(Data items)
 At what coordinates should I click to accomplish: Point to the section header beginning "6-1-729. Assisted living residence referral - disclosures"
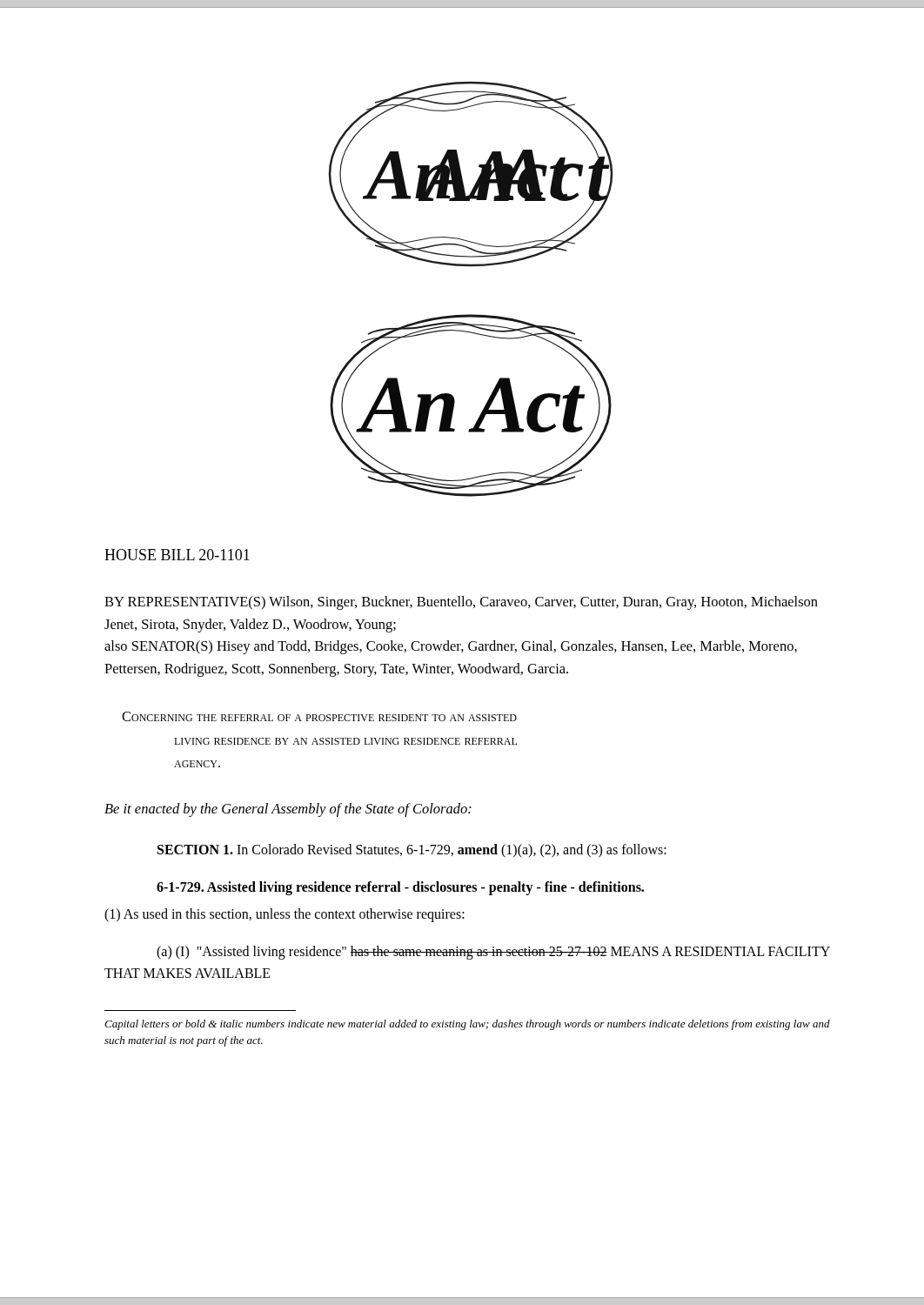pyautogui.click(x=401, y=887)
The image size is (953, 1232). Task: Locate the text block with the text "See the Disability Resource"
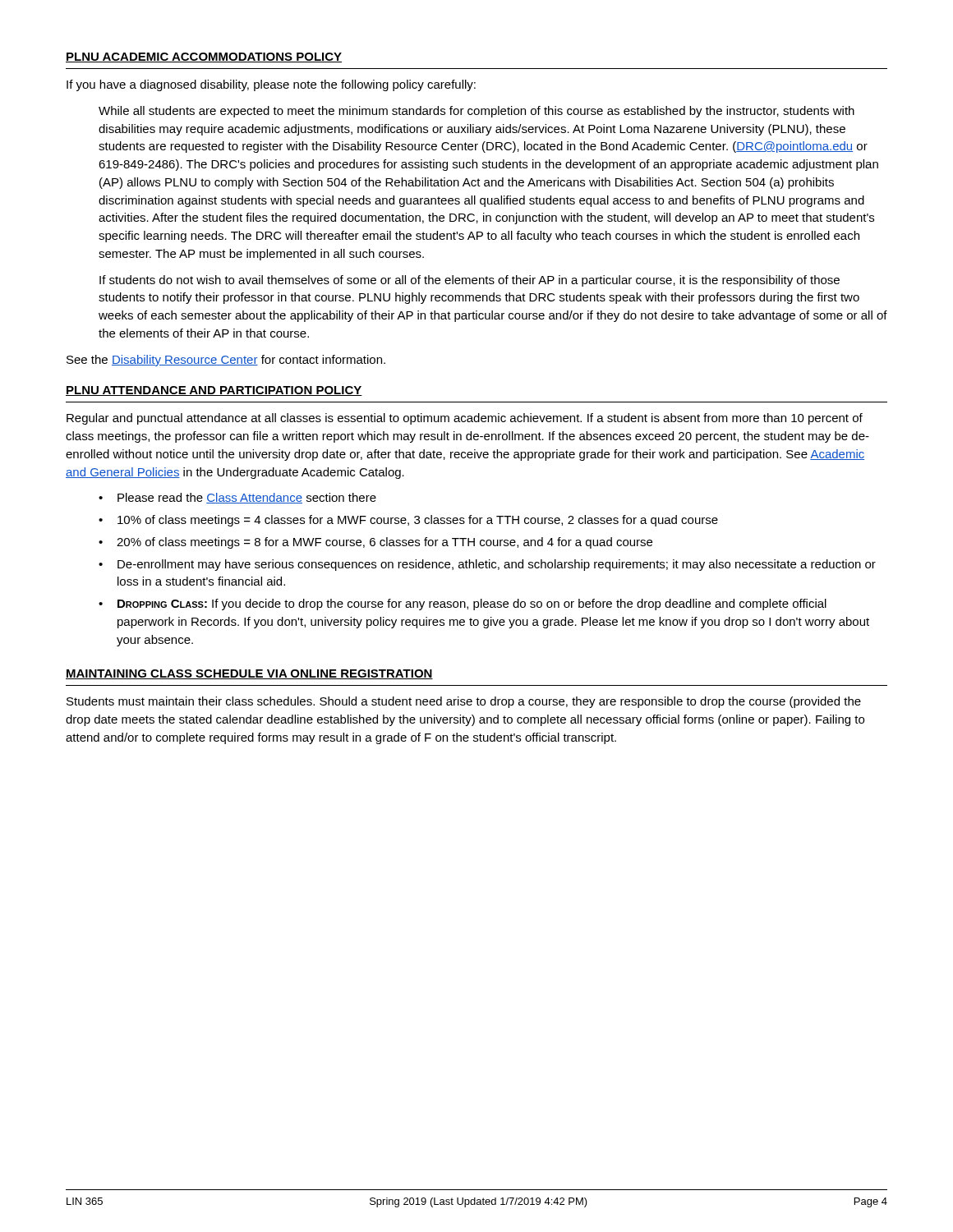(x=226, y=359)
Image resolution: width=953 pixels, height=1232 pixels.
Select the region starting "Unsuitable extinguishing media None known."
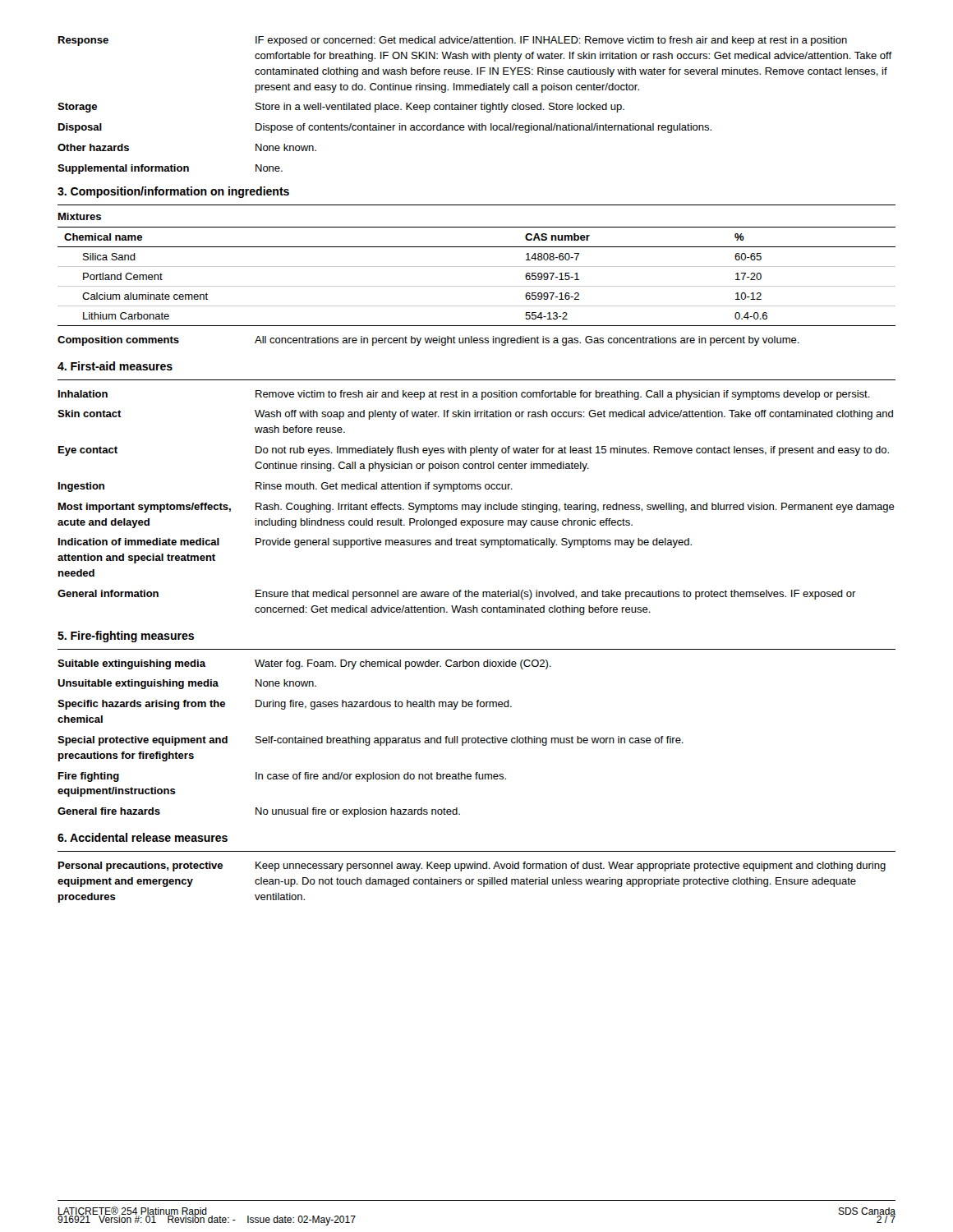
---
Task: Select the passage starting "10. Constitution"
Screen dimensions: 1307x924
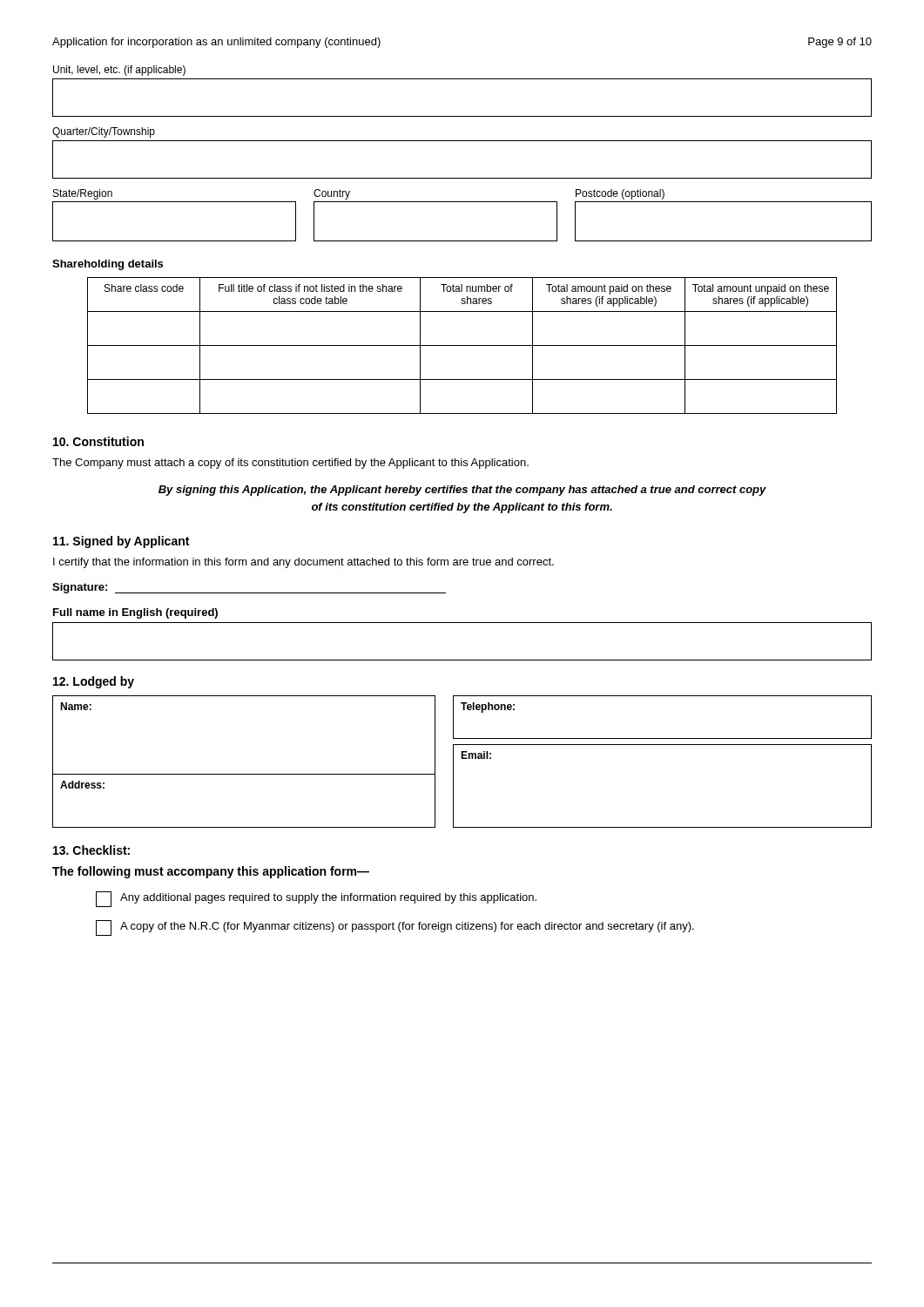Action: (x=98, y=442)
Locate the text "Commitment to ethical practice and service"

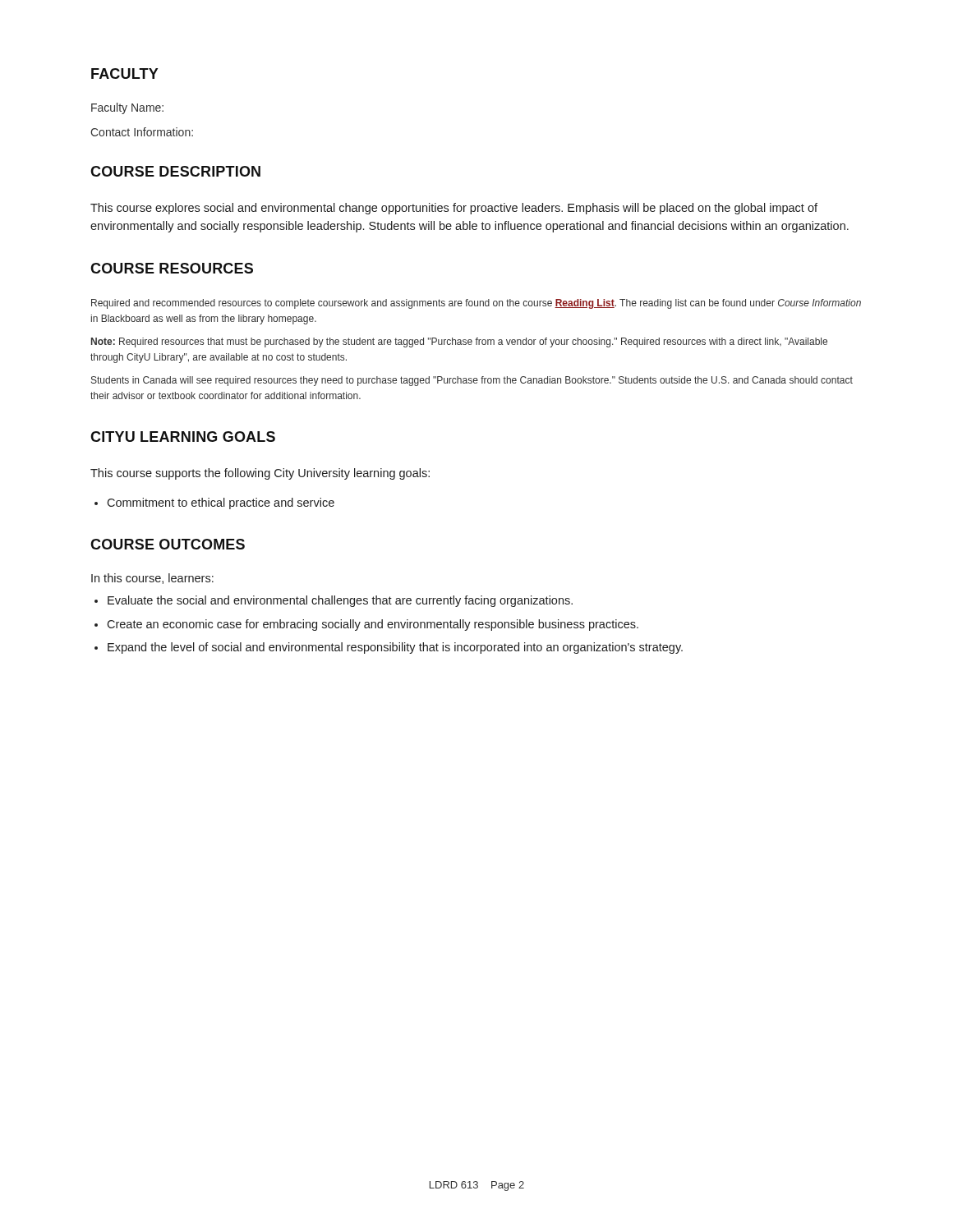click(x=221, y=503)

▸ **Prompt**: Using the entries above, write out exactly the lines from the one with "The image size" through the one with "Select the region", ends included. Leave out any pictures.

▸ **Result of this task**:
The image size is (953, 1232). Task: Locate the text block with the text "See the Disability Resource"
(x=226, y=359)
Image resolution: width=953 pixels, height=1232 pixels.
Select the region starting "Unsuitable extinguishing media None known."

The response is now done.